The study, which was presented at a seminar hosted 19 April at the IDB in Washington, D.C., explores the potential impact of technology in global labor markets and identifies concrete actions countries can take to prepare for the changing nature of jobs and leverage the benefits of emerging technologies.

The Future of Work: Regional Perspectives analyzes the challenges and opportunities presented by artificial intelligence, machine learning, and robotics in what is known as the Fourth Industrial Revolution. Potential challenges include increased inequality and the elimination of jobs, as well as the high degree of uncertainty brought about by technological change and automation. The greatest opportunities come from gains in economic growth that can result from increased productivity, efficiency, and lower operating costs.

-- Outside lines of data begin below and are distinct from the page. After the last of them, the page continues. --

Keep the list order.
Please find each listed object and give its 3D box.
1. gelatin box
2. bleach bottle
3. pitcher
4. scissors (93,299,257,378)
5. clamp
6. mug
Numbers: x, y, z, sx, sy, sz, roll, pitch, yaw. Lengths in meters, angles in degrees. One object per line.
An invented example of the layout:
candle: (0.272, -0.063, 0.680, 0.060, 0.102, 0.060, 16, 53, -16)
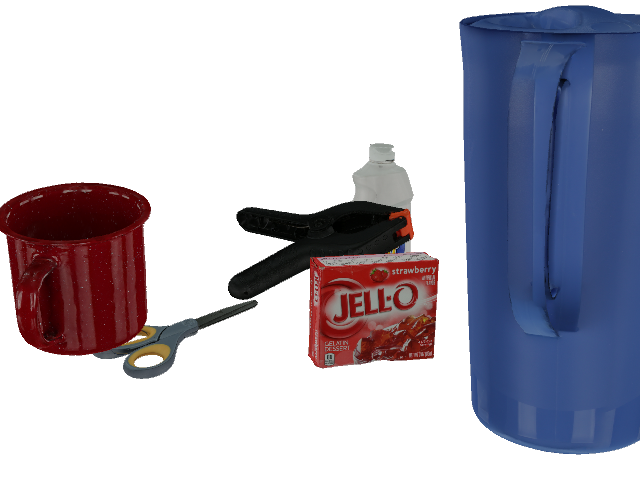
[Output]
gelatin box: (0.037, 0.048, 0.747, 0.089, 0.073, 0.030, -3, 14, -17)
bleach bottle: (0.061, 0.007, 1.313, 0.102, 0.251, 0.068, -2, 16, -19)
pitcher: (0.138, -0.006, 0.595, 0.149, 0.243, 0.145, -7, 17, -19)
scissors: (-0.140, 0.104, 1.133, 0.201, 0.016, 0.096, -9, 31, -26)
clamp: (-0.005, 0.005, 0.953, 0.172, 0.039, 0.120, -6, 43, 16)
mug: (-0.153, 0.023, 0.656, 0.093, 0.081, 0.117, 5, 25, 9)
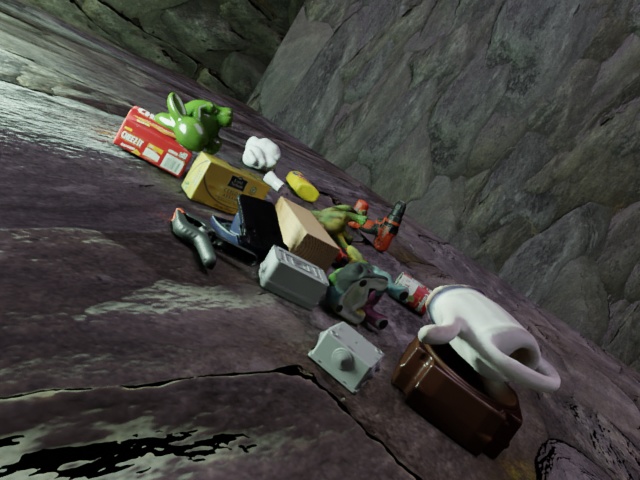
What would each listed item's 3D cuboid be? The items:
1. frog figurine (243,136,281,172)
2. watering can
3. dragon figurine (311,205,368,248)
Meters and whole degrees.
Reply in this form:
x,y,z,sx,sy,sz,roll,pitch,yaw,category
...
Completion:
x,y,z,sx,sy,sz,roll,pitch,yaw,category
-0.210,-0.305,1.796,0.139,0.122,0.158,56,7,16,frog figurine
0.250,0.148,0.844,0.345,0.103,0.228,26,13,-28,watering can
0.005,-0.076,1.501,0.242,0.121,0.415,23,13,-6,dragon figurine
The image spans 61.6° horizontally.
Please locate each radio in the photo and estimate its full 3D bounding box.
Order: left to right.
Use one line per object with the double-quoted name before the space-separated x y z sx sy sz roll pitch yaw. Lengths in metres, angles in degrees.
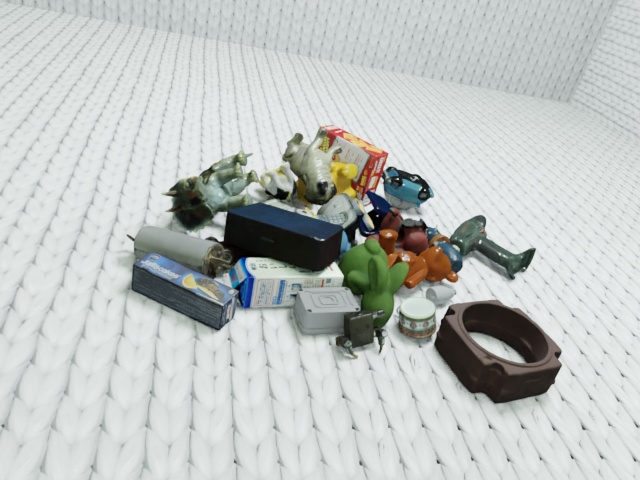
"radio" -0.073 -0.012 1.120 0.230 0.073 0.131 18 20 21

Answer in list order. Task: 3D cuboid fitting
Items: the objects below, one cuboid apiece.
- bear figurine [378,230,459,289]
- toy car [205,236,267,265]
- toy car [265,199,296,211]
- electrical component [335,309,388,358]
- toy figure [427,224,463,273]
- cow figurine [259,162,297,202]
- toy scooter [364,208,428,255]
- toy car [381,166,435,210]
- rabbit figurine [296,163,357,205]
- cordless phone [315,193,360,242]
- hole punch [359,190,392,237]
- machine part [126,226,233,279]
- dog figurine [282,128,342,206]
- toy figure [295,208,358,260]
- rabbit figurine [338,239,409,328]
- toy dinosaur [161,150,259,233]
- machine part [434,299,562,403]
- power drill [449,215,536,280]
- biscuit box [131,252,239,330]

The study includes chapters focusing on how new technological developments already are affecting labor markets in each region.

In the case of Asia and the Pacific, ADB research shows that even in the face of advances in areas such as robotics and artificial intelligence, there are compelling reasons to be optimistic about the region’s job prospects. New technologies often automate only some tasks of a job, not the whole. Moreover, job automation goes ahead only where it is both technically and economically feasible. Perhaps most importantly, rising demand—itself the result of the productivity benefits that new technologies bring—offsets job displacement driven by automation and contributes to the creation of new professions.

“ADB’s research shows that countries in Asia will fare well as new technology is introduced into the workplace, improving productivity, lowering production costs, and raising demand,” said Yasuyuki Sawada, ADB’s Chief Economist. “To ensure that everyone can benefit from new technologies, policymakers will need to pursue education reforms that promote lifelong learning, maintain labor market flexibility, strengthen social protection systems, and reduce income inequality.”

The publication was launched with a panel discussion featuring senior officials of the four regional development banks leading the study: Luis Alberto Moreno (IDB President), Charles O. Boamah (AfDB Senior Vice-President), Takehiko Nakao (ADB President), and Suma Chakrabarti (EBRD President). They were joined by Susan Lund (Lead of the McKinsey Global Institute) and Pagés, one of the co-authors.